Throughout the song, he talks of “killing the pain” with Mary Jane and using her to leave his tired old town for a while. I feel summer creepin’ in and I’m tired of this town again While the lyrics seem to point to a lover in Petty’s life, Benyo grew up in Gainesville, Florida in the same neighborhood as Petty, making the lyrics she moved down here at the age of eighteen…I was introduced and we both started groovin‘ a bit of a stretch.Īnother, and more widely accepted meaning, is that “Mary Jane” is used as slang for marijuana, telling the story of how Petty was introduced to the drug by personifying it as a young woman.
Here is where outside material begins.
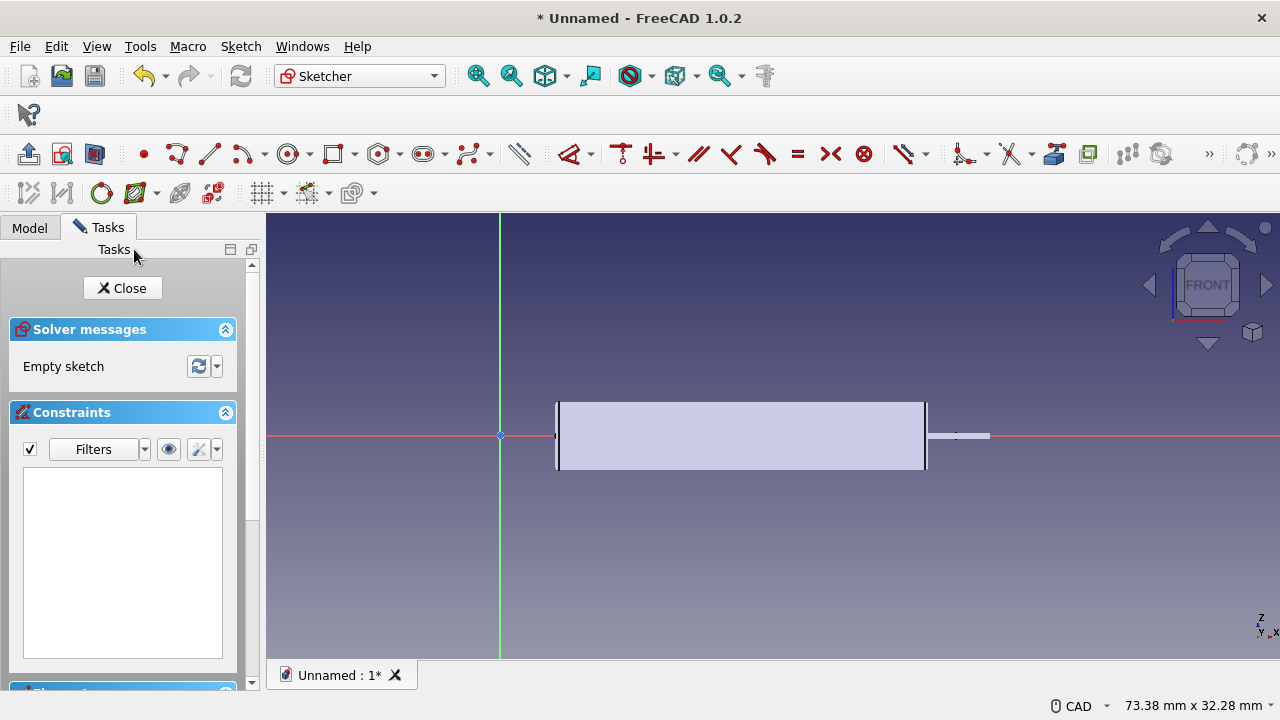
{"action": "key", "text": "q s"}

She said, “I dig you, baby, but I got to keep movin’ on, keep movin’ on I was introduced and we both started groovin’

tom petty mary jane

Though the pair officially got divorced three years after the song was released, in Petty: The Biography, author Warren Zanes revealed that Benyo would call Petty “regularly, obsessively, and threaten suicide if he said he was hanging up.” While he was still alive, Petty himself admitted the couple fought often and even credited his former wife for keeping their family together while on the road. The first sees the group singing goodbye to Petty’s first wife Jane Benyo. Though Petty never explained exactly what the meaning of the song was about, two main interpretations have taken precedence. In the verse, there is still the thing about an Indiana girl on an Indiana night, just when it gets to the chorus he had the presence of mind to give it a deeper meaning.” We went back and about a week later he came in and said ‘I’ve got a better idea,’ so he changed the chorus to Last dance with Mary Jane.

tom petty mary jane

He continued, “Tom was singing the chorus, and he decided he just couldn’t get behind singing about Hey, Indiana Girl. “It was called ‘Indiana Girl,’ the first chorus was ‘Hey, Indiana Girl, go out and find the world.’ We liked the song and Rick Rubin suggested we cut it.” In an interview with Songfacts, Campbell explained how the song came together. The basic riff for the song had been swirling around in writing sessions for a while but had never found a permanent home. Written in the garage of Heartbreakers’ guitarist Mike Campbell, the track was originally titled “Indiana Girl” by Petty– a reference that stuck around in the song’s opening lines, She grew up in an Indiana town…she grew up tall and she grew up right / With them Indiana boys on an Indiana night. It also topped the Rock Album chart for two straight weeks. 14 on the Billboard Hot 100, becoming his first top 20 hit of the 1990s. The song was first released as part of Petty’s Greatest Hits album in 1993. The sessions were the last to include drummer Stan Lynch before his eventual departure in 1994. “Mary Jane’s Last Dance” was recorded by Tom Petty and the Heartbreakers in 1993, while he was working on his second solo studio album, Wildflowers.